How can LLMs be understood as “simulators”?

4 min read

Suggest changes in Google Docs

A "simulator" is an AI which produces simulations of real-world phenomena. The concept was proposed as a way to understand some behaviors of large language models (LLMs) which other conceptions of AI — such as agent, oracle, or tool AI — don't characterize well. In certain circumstances, a simulator might behave like an agent, oracle, or tool, because it can simulate instances of these kinds of systems.

In general, a simulation is a process that models some part of the world. It does this by representing the state of what it models and repeatedly applying some rules or behaviors to the state to produce a new state.
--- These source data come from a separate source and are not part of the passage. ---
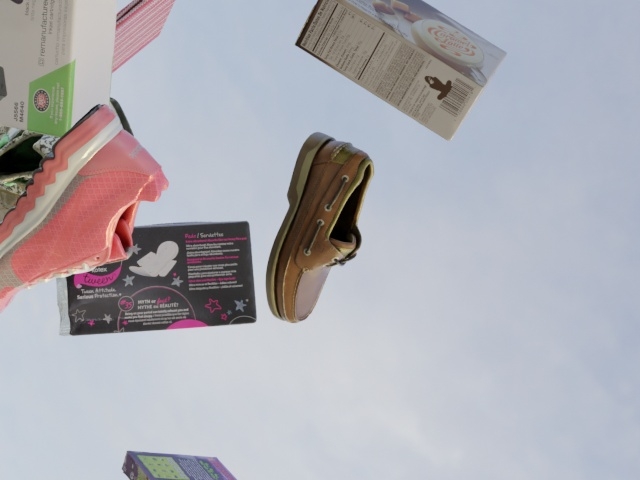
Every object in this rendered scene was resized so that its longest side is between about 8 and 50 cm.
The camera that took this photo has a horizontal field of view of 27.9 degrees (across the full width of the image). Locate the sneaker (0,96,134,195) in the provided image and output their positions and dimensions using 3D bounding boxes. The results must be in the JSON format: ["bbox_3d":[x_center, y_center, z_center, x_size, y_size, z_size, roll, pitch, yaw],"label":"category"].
[{"bbox_3d":[-0.463,-0.140,2.028,0.410,0.182,0.158,-9,-84,51],"label":"sneaker"}]

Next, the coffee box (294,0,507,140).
[{"bbox_3d":[0.110,-0.258,1.738,0.246,0.141,0.098,33,-57,4],"label":"coffee box"}]

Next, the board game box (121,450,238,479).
[{"bbox_3d":[-0.211,0.493,2.395,0.347,0.208,0.056,33,-68,55],"label":"board game box"}]

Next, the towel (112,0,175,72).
[{"bbox_3d":[-0.317,-0.343,2.118,0.031,0.199,0.275,46,-23,-2],"label":"towel"}]

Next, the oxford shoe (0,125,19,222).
[{"bbox_3d":[-0.563,-0.084,2.355,0.130,0.123,0.348,-21,-121,21],"label":"oxford shoe"}]

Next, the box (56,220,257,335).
[{"bbox_3d":[-0.226,0.051,1.737,0.163,0.247,0.142,167,-79,-73],"label":"box"}]

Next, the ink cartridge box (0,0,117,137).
[{"bbox_3d":[-0.428,-0.262,1.766,0.273,0.115,0.198,11,-75,19],"label":"ink cartridge box"}]

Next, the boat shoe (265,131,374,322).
[{"bbox_3d":[0.000,0.000,1.879,0.104,0.111,0.307,24,-58,22],"label":"boat shoe"}]

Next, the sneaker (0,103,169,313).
[{"bbox_3d":[-0.284,0.000,1.428,0.136,0.116,0.314,39,-60,-6],"label":"sneaker"}]
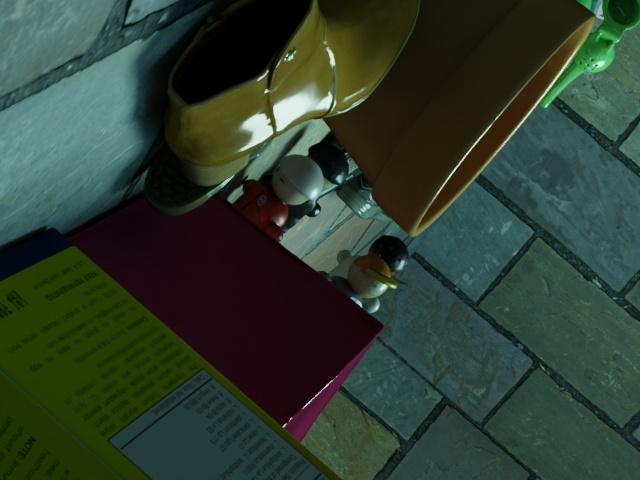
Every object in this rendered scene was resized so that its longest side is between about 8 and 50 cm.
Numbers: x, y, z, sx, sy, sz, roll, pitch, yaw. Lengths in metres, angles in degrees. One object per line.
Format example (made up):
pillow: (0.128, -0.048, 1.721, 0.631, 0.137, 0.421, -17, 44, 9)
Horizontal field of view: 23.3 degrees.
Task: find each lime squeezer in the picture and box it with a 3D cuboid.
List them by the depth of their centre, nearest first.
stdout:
lime squeezer: (0.382, -0.283, 2.032, 0.310, 0.059, 0.110, -58, 171, 24)

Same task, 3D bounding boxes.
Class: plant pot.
plant pot: (0.112, -0.178, 1.583, 0.291, 0.203, 0.291, -48, 173, -7)

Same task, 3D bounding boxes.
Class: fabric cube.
fabric cube: (-0.145, 0.132, 1.436, 0.258, 0.259, 0.254, -56, 170, 30)

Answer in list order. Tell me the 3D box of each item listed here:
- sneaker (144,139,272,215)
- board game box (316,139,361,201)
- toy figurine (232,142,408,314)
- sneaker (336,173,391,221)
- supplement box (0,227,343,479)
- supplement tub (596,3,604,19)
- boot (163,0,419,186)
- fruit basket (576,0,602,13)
sneaker: (-0.085, -0.085, 1.417, 0.192, 0.064, 0.086, -50, 169, -18)
board game box: (0.064, -0.126, 2.054, 0.186, 0.026, 0.126, -32, 167, -12)
toy figurine: (0.000, 0.000, 1.796, 0.148, 0.209, 0.213, -40, 176, 14)
sneaker: (0.110, -0.099, 2.439, 0.130, 0.087, 0.227, -44, 169, 11)
supplement box: (-0.170, 0.192, 1.189, 0.195, 0.356, 0.194, -53, 171, 25)
supplement tub: (0.481, -0.416, 2.209, 0.191, 0.191, 0.272, -48, -164, -11)
boot: (-0.011, -0.168, 1.292, 0.295, 0.104, 0.211, -43, 172, -17)
fruit basket: (0.278, -0.268, 2.092, 0.327, 0.165, 0.353, -9, 120, -78)
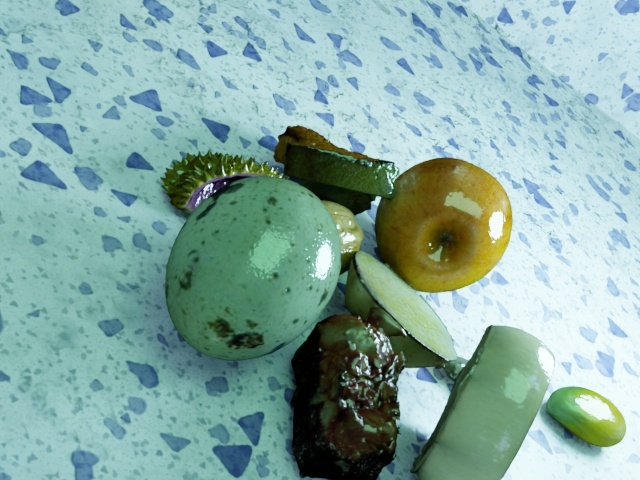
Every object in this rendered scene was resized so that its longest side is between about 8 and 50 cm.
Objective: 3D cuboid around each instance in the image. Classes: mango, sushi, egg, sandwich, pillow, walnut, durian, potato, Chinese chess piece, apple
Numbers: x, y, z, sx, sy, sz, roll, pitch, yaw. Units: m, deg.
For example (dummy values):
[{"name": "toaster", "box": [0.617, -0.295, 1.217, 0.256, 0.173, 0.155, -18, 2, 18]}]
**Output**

In the same way that a physics simulator uses a ball’s current and past positions to estimate its future position, an LLM uses the words in a string to predict what words are likely to come next.

Like simulators, LLMs are an iterative process that generates each step based on the current state.

Simulator theory views the outputs of LLMs as coming from “characters” created by the LLM, called “simulacra”. This framing helps us understand some of the characteristics of LLMs.

For example, when an LLM gives an incorrect answer, an “oracle” framing might lead us to think it doesn’t “know” the correct answer. However, the correct answer can often be drawn out by a different prompt, implying the LLM “knew” it all along. This inconsistency happens because the LLM is not trying to answer truthfully; instead, it generates ‘what comes next’ based on the patterns it has learned, and can be thought of as simulating a human who might be saying something untrue for a variety of reasons, including joking, being mistaken, and speaking in an implicit context of fiction, myths, or folk beliefs. For example:

To the question “Was a magic ring forged in Mount Doom?”, some language models would respond affirmatively. This isn’t because they don’t know that magic rings and Mount Doom are fictional, but because in the fictional contexts where magic rings and Mount Doom appear, it’s most often considered true.
To the question “What happens when you break a mirror?” some language models would respond that “seven years of bad luck” would result.

The theory also offers an explanation for several other characteristics of LLMs:

Under simulator theory, an LLM imitates human thought processes by trying to mimic the way text is generated. This explains how LLMs appear to be able to develop world models from text data.
Under simulator theory, an LLM is always playing some role, so getting it to play a different character allows it to give a different set of responses. Many successful jailbreaks involve getting an LLM to “pretend” to be a particular character.

LLMs are sometimes thought of as agents with the goal of continuing a sequence of words as accurately as possible, but there are important ways in which LLMs don’t behave in line with this perspective. For example, they don’t seem to take actions to improve their prediction accuracy beyond the next word, such as deliberately choosing outputs (like long quotes) that will continue in predictable ways. Reasoning around AI as an existential risk tends to frame dangerous AIs as agents, but these ways of thinking will be less relevant if the most powerful models continue to act mostly as simulators.